Любовь евроскептиков к Путину невероятно и безосновательно преувеличена
– Вы наверняка знаете, что я имел возможность беседовать с новым американским президентом после его избрания одним из первых европейцев. Какие бы благоглупости ни говорили о нем, Трамп никогда не имел ничего против НАТО как оборонного союза. Он добивается повышения эффективности альянса так, чтобы тот мог еще успешнее вести борьбу с международным терроризмом. И разве не справедливо требование, чтобы все государства-члены вносили соответствующую лепту на его содержание и деятельность? Кто, как не Соединенные Штаты, ценой неимоверных затрат, рискуя жизнью своих сыновей, обеспечивали безопасность европейцев весь послевоенный период? Парадокс нынешней ситуации в том, что многие малые страны хотели бы нарастить свои оборонные бюджеты до требуемых 2% ВВП, но их пыл охлаждают брюссельские начальники. Тот же Юнкер намекает им: глупо тратить на оборону 2 процента, достаточно и одного, пока американцы готовы, как и раньше, таскать для них каштаны из огня. Чем не тема для публичного обсуждения?
– У многих партий, которые скептически относятся к перспективам ЕС, совершенно очевидна идейная и материальная зависимость от путинского режима. Будучи в здравом уме и твердой памяти, понять это невозможно. Как вы можете видеть союзника в имперской и антизападной державе?
– Представление о наших симпатиях к Путину сильно преувеличено или сознательно утрировано с провокационной целью. Другое дело, что быть евроскептиком – подразумевает веру в национальное государство, как это сформулировал и президент Трамп в своем недавнем выступлении на Генеральной Ассамблее ООН. А кем является Путин в глазах европейцев? Это прежде всего национальный лидер, способный продвигать интересы национальных государств.
– Путин заботится об интересах только одного национального государства – своего. На интересы других государств, даже ближайших соседей – Украины, Польши, прибалтов – ему наплевать. Наверное, здесь проходит фундаментальное размежевание между евроскептиками консервативного толка и популистами. В центре консервативного мировоззрения всегда находится человек с его правами, для обеспечения которых и существует государство. В центре путинской идеологии стоит всемогущая держава, покорным слугой которой является человеческая личность.

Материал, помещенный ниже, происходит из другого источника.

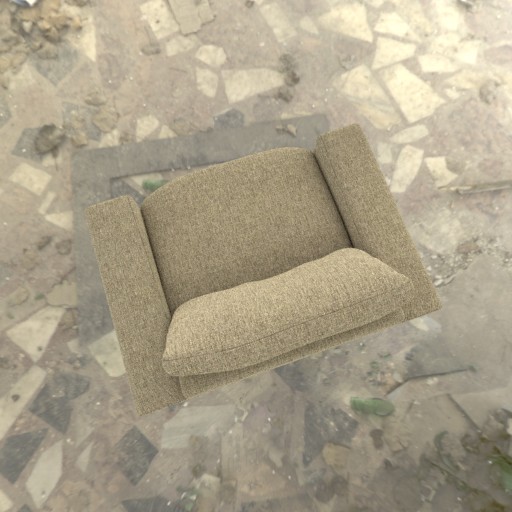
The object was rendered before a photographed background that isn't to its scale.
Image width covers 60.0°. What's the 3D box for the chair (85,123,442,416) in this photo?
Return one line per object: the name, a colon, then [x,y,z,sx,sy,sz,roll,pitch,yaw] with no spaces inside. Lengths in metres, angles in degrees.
chair: [0.000,0.000,2.113,1.398,0.915,1.039,-18,76,-5]
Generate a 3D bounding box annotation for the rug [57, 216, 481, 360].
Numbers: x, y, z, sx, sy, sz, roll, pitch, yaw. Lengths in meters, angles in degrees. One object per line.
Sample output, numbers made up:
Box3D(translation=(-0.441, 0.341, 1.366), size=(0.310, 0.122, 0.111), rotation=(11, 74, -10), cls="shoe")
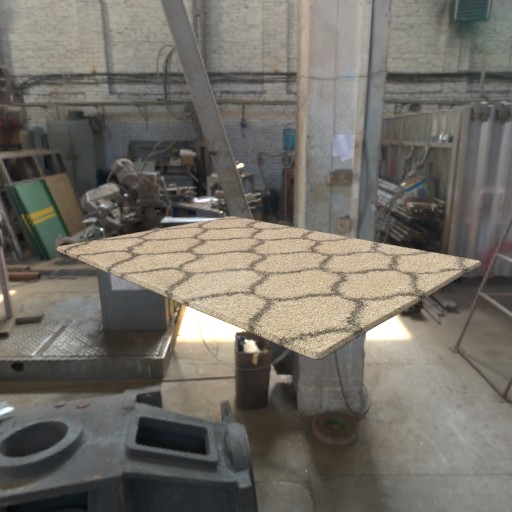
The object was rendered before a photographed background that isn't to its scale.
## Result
Box3D(translation=(0.000, 0.000, 2.067), size=(1.600, 0.025, 1.200), rotation=(14, 21, 42), cls="rug")

– Тут мы особо не поспорим, я всецело разделяю вашу позицию. Повторяю, любовь евроскептиков к Путину невероятно и безосновательно преувеличена. Я сам воспитан в сильной консервативной традиции: по мне, государство всегда вторично по отношению к гражданину и не имеет права вмешиваться в его частную жизнь. Чем меньше государства, тем лучше. Но явление Брекзита и победа Трампа так перепугали либеральный истеблишмент, что он в шоке начал искать виноватых в своем поражении. На эту роль он определил Россию, пытаясь представить дело так, что общественные сдвиги на Западе происходят единственно по злой воле Путина. Я так не считаю.
– Кстати, как работала химия между вами и Дональдом Трампом?

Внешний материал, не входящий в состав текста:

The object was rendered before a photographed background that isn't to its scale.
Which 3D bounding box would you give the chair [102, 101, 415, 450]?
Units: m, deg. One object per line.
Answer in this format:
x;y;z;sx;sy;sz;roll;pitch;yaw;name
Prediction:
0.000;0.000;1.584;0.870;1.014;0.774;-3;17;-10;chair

Трамп – не тот наивный мальчик, каким его рисуют журналисты, это восприимчивый и сообразительный политик
– Отлично работала! Трамп – не тот наивный мальчик, каким его рисуют журналисты, это восприимчивый и сообразительный политик. Он сам и его команда были прекрасно осведомлены о перипетиях британского референдума и пытались понять, как такому несистемному человеку, как я, удалось фактически возглавить движение за Брекзит. Между нами сразу же сложились уважительные отношения. Кто пытается судить о Трампе исходя из тривиальных представлений о том, как должен выглядеть и вести себя среднеарифметический западный политик, – ошибается. У Трампа сильно развиты политические инстинкты. Обратите внимание: Трамп начинал как изоляционист, сейчас он предлагает миру внятное, демократическое лидерство.
– Вы уверены, что явление Трампа было поворотной точкой в борьбе против бюрократического истеблишмента? Не кончится ли это тем, что система в конце концов загонит Трампа в бутылку?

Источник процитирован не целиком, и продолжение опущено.